Thursday, 6 August 2015

Fitbit wearable, profits bearable -- patents comparable?

"Fitbit Tops Estimates in First Post-IPO Report; Margins Narrow" is the headline of Peter Burrows' Bloomberg post today. He reports:
"Fitbit Inc. sales and profit topped analysts’ estimates in its first report following an initial public offering, a sign that the company’s fitness trackers are weathering competition in the increasingly crowded wearables market. Second-quarter revenue more than tripled to $400.4 million ... 
The company, which dominates the market for fitness bands that monitor health data such as activity and sleep patterns, said it sold 4.5 million devices in the quarter. ..".
But that's not all. The analysts didn't fare too well, their forecasts averaging out at $319 million, according to data compiled by Bloomberg. Fitbit's gross margin -- one of a number of clues as to profitability and a fairly conspicuous one -- slipped marginally to 47 percent, down from 51 percent in the corresponding quarter of 2014, nudging the share price down too.


Competition and patent data watchers will be looking at other information for their guidance as to Fitbit's prospects. Fitbit still holds 34 per cent of the wearable device market, down from 45 per cent last year, and there's no shortage of rivals for a space on the world's wrists: Xiaomi, based in China, has captured 25 per cent of the same market though its products sell for far less than Fitbit's. Other significant players such as Jawbone, Samsung and Garmin, have seen their share of product sales fall too.

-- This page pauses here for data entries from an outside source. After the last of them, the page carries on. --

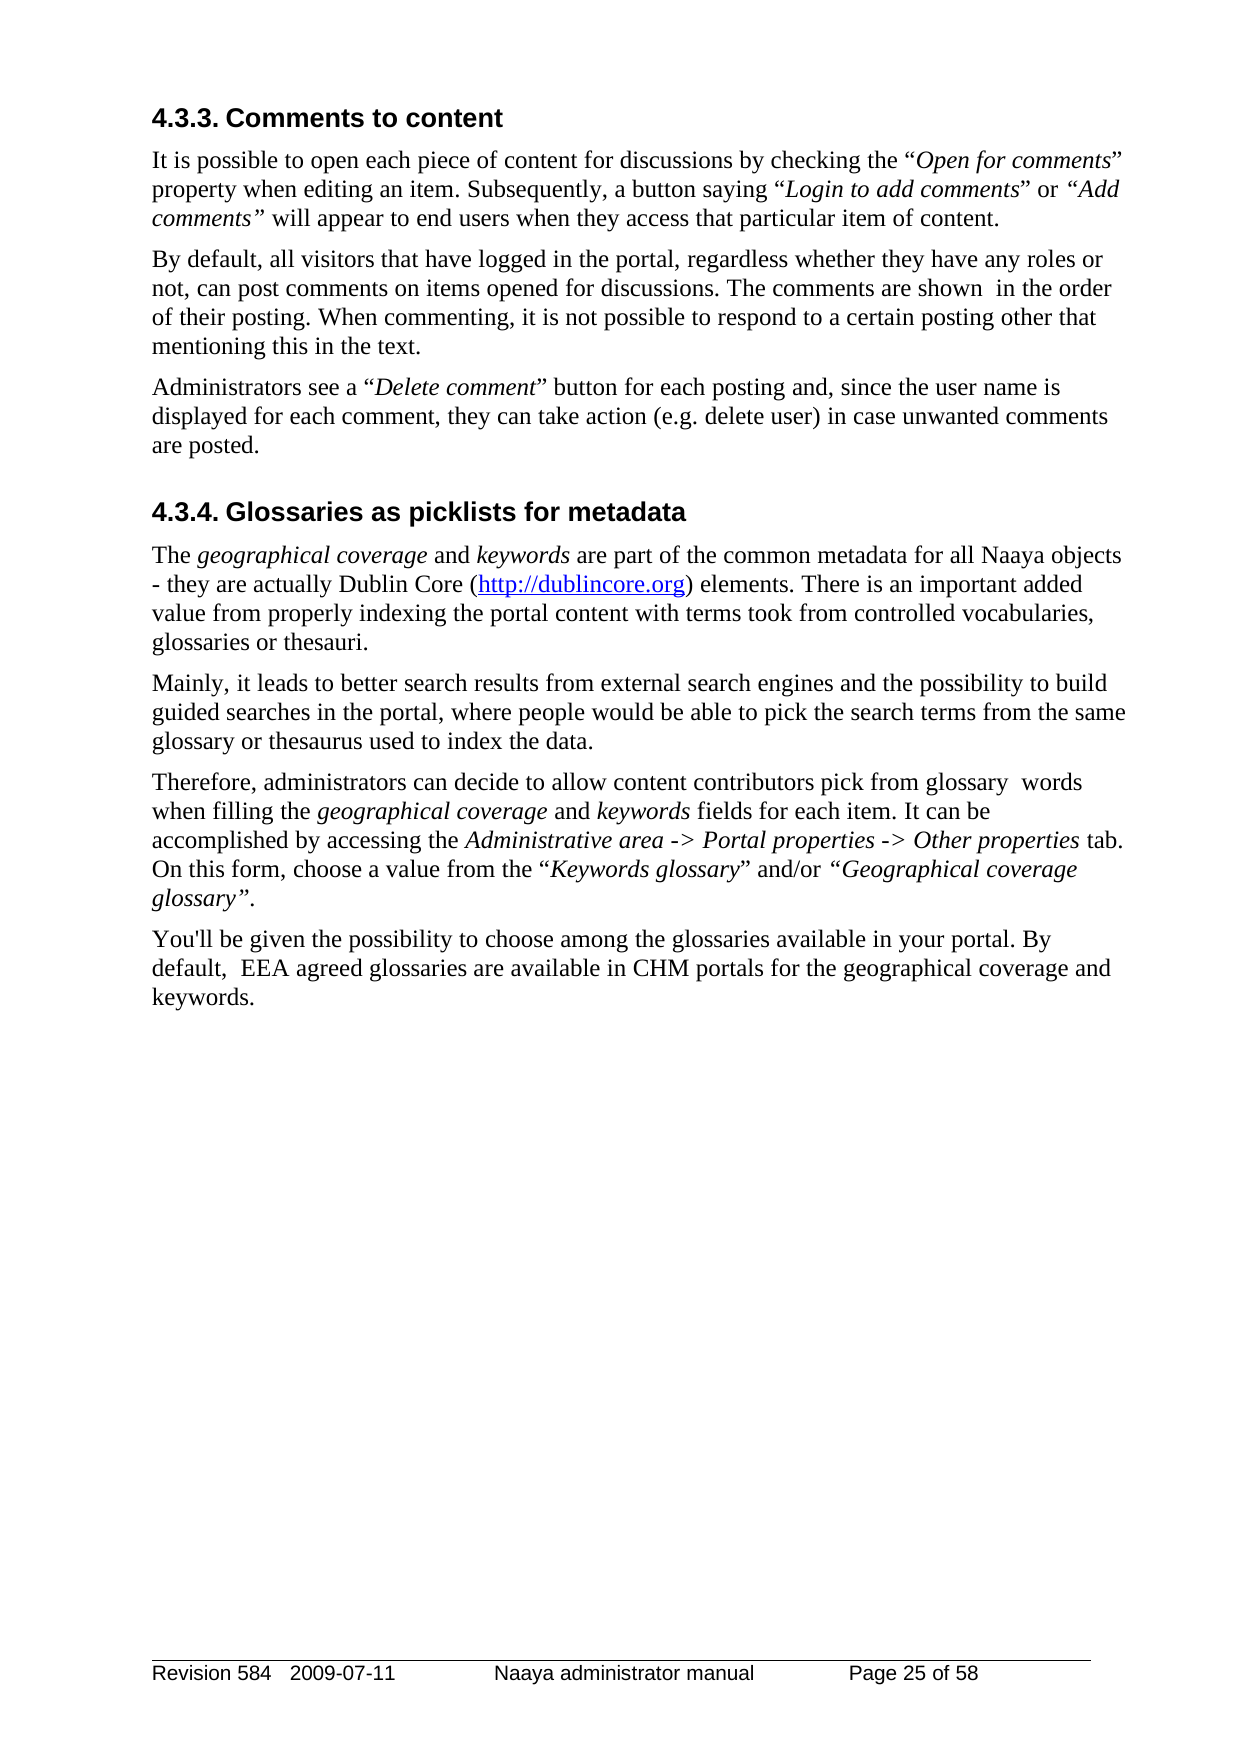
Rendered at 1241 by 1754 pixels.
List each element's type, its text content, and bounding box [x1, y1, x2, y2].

subtitle Glossaries as picklists for metadata [152, 496, 1128, 527]
text Mainly, it leads to better search results from external search engines and the possibility to build guided searches in the portal, where people would be able to pick the search terms from the same glossary or thesaurus used to index the data. [152, 668, 1128, 755]
text The geographical coverage and keywords are part of the common metadata for all Naaya objects - they are actually Dublin Core (http://dublincore.org) elements. There is an important added value from properly indexing the portal content with terms took from controlled vocabularies, glossaries or thesauri. [152, 539, 1128, 656]
text It is possible to open each piece of content for discussions by checking the “Open for comments” property when editing an item. Subsequently, a button saying “Login to add comments” or “Add comments” will appear to end users when they access that particular item of content. [152, 145, 1128, 232]
text Therefore, administrators can decide to allow content contributors pick from glossary words when filling the geographical coverage and keywords fields for each item. It can be accomplished by accessing the Administrative area -> Portal properties -> Other properties tab. On this form, choose a value from the “Keywords glossary” and/or “Geographical coverage glossary”. [152, 767, 1128, 912]
text You'll be given the possibility to choose among the glossaries available in your portal. By default, EEA agreed glossaries are available in CHM portals for the geographical coverage and keywords. [152, 924, 1128, 1011]
text By default, all visitors that have logged in the portal, regardless whether they have any roles or not, can post comments on items opened for discussions. The comments are shown in the order of their posting. When commenting, it is not possible to respond to a certain posting other that mentioning this in the text. [152, 244, 1128, 360]
text Administrators see a “Delete comment” button for each posting and, since the user name is displayed for each comment, they can take action (e.g. delete user) in case unwanted comments are posted. [152, 372, 1128, 459]
subtitle Comments to content [152, 102, 1128, 133]

As for the patent scenario, this Cipher Snapshot tells it all: in short,
• The wearables market is growing and Fitbit has one of the largest patent portfolios [patents help stop copying, can be licensed and, if need be, securitised].
• Fitbit’s territorial coverage is comparatively weak [countries not covered by patents, which are national in scope, are countries in which otherwise protected technology can be freely used by competitors].
• Fitbit’s late entry means that others may own foundational technology [this can be a problem, but older patents may have expired or lapsed, may be available to take a licence or cross-licence -- and may also not actually be infringed].
• There is an increasing amount of patent litigation, and Fitbit is now involved [this is significant too: is FitBit on the receiving end or suing others? Infringed patents can produce a healthy income source].
This is only a Snapshot. An analytical exercise like this can only give a partial picture since there are other factors at play: other significant IP factors include the strength of the Fitbit brand, the extent of its trade mark portfolio and the power of consumer loyalty, and possession of technical data and know-how that is held under conditions of trade secrecy.  But aren't these IP-driven criteria a better framework for the prediction of future performance and the second-guessing of future marketing policy than are fluctuations in stock prices or disparities between predicted and actual trading figures?

The last word goes to respected academic Mark Skilton (Professor of Practice, Warwick Business School):
"The Fitbit story is a great example of a company that understands the mix of design form and function in a new category of business technology. If you look at the products' branding 'flex, charge, surge' they are focused specifically on what the wearer wants in lifestyle from casual to sports. Notably the devices display information easily which is a critical difference to Apple Watch and other wearables. This, plus the fact that the functions of mobile phone sync are essentially the same for 40 to 80% less cost, makes a compelling case. 
The potential value that personal data and usage information wearables tells you about that customer and the situation means potential “big bucks” for companies and users to better enable their lifestyle and experience. There are issues of opt-in and out privacy and performance issues but as with all new technologies these trade-offs are part of this journey and in the right circumstances becomes a major opportunity".
Both Fitbit and Cipher deal with the presentation of information in a helpful, user-friendly way. Whether Cipher is the Fitbit of the world of patent analytics is a matter for users to decide.  However, in each case their value is not in the information itself but in the use to which they are put.

2 comments:

  1. Fitbit watch-watcher6 August 2015 at 17:19

    Isn't Fitbit in danger of becoming a generic descriptor for all similar wearables? That would be something pressing on my mind if I was buying or selling stock.